[Supplied data]
★ ★ ★ ★ ★ ★ ★

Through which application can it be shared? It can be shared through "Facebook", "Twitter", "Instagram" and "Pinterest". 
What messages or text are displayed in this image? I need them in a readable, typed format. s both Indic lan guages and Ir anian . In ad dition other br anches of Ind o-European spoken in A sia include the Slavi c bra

★ ★ ★ ★ ★ ★ ★

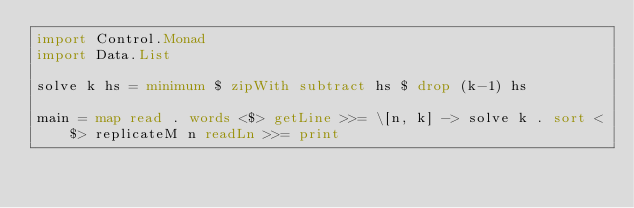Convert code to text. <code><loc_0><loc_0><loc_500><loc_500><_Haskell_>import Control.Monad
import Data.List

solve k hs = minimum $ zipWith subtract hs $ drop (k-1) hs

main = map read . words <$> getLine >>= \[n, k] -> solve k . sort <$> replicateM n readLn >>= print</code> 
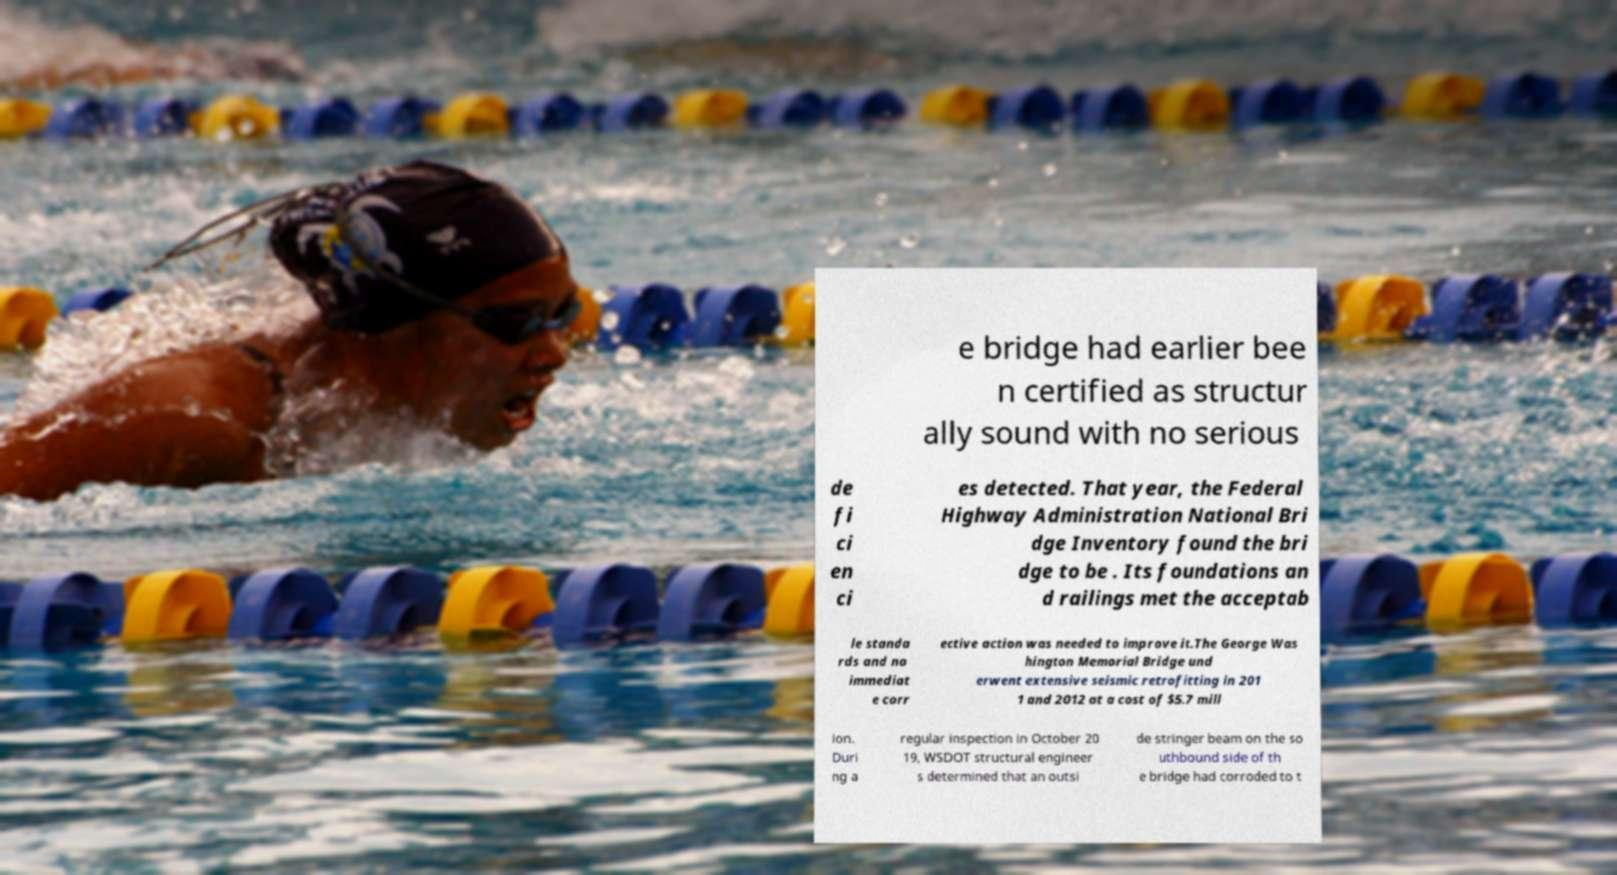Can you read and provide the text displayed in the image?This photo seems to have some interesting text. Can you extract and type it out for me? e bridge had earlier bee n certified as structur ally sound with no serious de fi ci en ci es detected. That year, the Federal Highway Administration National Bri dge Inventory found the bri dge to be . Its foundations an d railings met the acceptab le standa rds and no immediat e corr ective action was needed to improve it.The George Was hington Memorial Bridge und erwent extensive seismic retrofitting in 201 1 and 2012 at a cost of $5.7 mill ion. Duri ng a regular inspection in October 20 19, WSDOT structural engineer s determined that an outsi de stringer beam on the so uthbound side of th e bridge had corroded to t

★ ★ ★ ★ ★ ★ ★

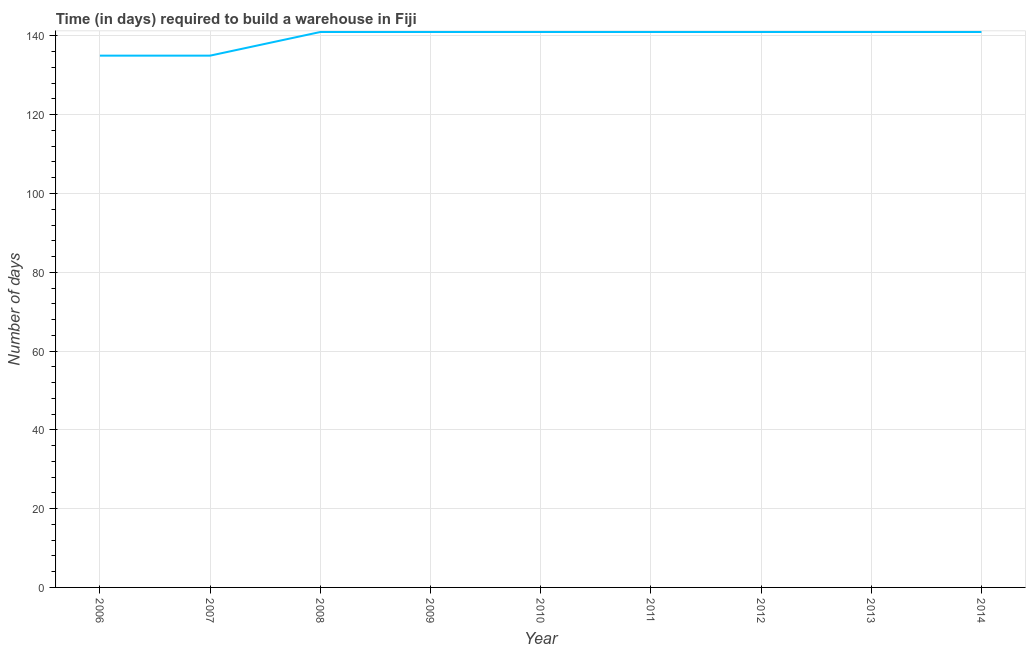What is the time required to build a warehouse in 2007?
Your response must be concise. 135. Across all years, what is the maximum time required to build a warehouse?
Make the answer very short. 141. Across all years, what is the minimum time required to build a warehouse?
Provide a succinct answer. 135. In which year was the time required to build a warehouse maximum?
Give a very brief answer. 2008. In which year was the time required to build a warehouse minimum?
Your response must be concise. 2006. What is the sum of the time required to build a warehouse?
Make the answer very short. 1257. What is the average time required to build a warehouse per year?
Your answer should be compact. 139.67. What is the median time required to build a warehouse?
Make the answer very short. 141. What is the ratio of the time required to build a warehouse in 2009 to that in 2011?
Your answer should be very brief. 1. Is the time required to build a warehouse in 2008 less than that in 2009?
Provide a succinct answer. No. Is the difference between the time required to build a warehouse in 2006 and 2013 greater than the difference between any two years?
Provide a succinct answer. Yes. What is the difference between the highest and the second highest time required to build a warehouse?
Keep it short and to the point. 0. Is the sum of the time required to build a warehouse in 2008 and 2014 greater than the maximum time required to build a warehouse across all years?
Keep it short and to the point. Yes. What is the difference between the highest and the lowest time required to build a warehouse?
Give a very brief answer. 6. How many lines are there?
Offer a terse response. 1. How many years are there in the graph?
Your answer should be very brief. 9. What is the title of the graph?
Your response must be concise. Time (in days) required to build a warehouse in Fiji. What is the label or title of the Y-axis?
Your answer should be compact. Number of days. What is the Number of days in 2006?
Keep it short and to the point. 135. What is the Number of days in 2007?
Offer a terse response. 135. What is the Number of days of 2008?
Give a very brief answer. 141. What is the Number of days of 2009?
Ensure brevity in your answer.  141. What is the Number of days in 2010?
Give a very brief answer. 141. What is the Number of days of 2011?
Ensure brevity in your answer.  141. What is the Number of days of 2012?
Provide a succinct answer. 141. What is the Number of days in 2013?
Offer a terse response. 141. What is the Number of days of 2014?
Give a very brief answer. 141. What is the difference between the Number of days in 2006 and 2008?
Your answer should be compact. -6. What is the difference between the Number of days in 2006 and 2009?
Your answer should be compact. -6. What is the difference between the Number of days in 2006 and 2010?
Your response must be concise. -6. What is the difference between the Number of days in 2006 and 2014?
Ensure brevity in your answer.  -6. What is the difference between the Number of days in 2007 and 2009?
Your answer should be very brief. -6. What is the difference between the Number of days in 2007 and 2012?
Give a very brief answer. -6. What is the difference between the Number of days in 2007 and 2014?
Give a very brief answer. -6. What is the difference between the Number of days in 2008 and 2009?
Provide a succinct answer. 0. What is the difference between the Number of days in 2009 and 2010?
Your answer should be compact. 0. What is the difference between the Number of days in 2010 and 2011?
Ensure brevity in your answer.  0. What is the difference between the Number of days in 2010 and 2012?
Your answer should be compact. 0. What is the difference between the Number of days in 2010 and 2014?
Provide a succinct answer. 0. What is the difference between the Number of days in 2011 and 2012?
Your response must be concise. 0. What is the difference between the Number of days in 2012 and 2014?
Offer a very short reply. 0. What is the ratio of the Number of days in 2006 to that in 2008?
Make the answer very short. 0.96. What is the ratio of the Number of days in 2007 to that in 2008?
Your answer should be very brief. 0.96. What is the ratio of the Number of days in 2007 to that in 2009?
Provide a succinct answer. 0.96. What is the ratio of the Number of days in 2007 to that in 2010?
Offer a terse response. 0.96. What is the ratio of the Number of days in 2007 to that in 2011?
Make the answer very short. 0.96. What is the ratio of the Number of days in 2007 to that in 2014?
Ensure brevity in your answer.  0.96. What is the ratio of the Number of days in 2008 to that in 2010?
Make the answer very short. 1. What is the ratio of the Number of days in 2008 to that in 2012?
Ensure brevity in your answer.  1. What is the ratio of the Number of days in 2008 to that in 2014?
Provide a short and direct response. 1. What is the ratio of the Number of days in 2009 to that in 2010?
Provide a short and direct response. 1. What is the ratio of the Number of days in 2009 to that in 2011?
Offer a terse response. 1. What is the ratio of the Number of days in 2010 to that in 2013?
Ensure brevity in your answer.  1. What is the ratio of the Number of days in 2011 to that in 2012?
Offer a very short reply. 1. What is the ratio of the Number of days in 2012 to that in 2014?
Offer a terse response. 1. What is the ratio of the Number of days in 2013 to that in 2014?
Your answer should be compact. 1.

★ ★ ★ ★ ★ ★ ★

[Required work] Look through the entries above and quote exactly the lines from the line with "days in 2010?" to the line with "2009 and 2010?", counting both of those lines.

[Exercise answer]
Ensure brevity in your answer.  141. What is the Number of days in 2010?
Give a very brief answer. 141. What is the Number of days of 2011?
Ensure brevity in your answer.  141. What is the Number of days of 2012?
Provide a succinct answer. 141. What is the Number of days in 2013?
Offer a terse response. 141. What is the Number of days of 2014?
Give a very brief answer. 141. What is the difference between the Number of days in 2006 and 2008?
Your answer should be compact. -6. What is the difference between the Number of days in 2006 and 2009?
Your answer should be compact. -6. What is the difference between the Number of days in 2006 and 2010?
Your response must be concise. -6. What is the difference between the Number of days in 2006 and 2014?
Ensure brevity in your answer.  -6. What is the difference between the Number of days in 2007 and 2009?
Your answer should be very brief. -6. What is the difference between the Number of days in 2007 and 2012?
Give a very brief answer. -6. What is the difference between the Number of days in 2007 and 2014?
Give a very brief answer. -6. What is the difference between the Number of days in 2008 and 2009?
Provide a succinct answer. 0. What is the difference between the Number of days in 2009 and 2010?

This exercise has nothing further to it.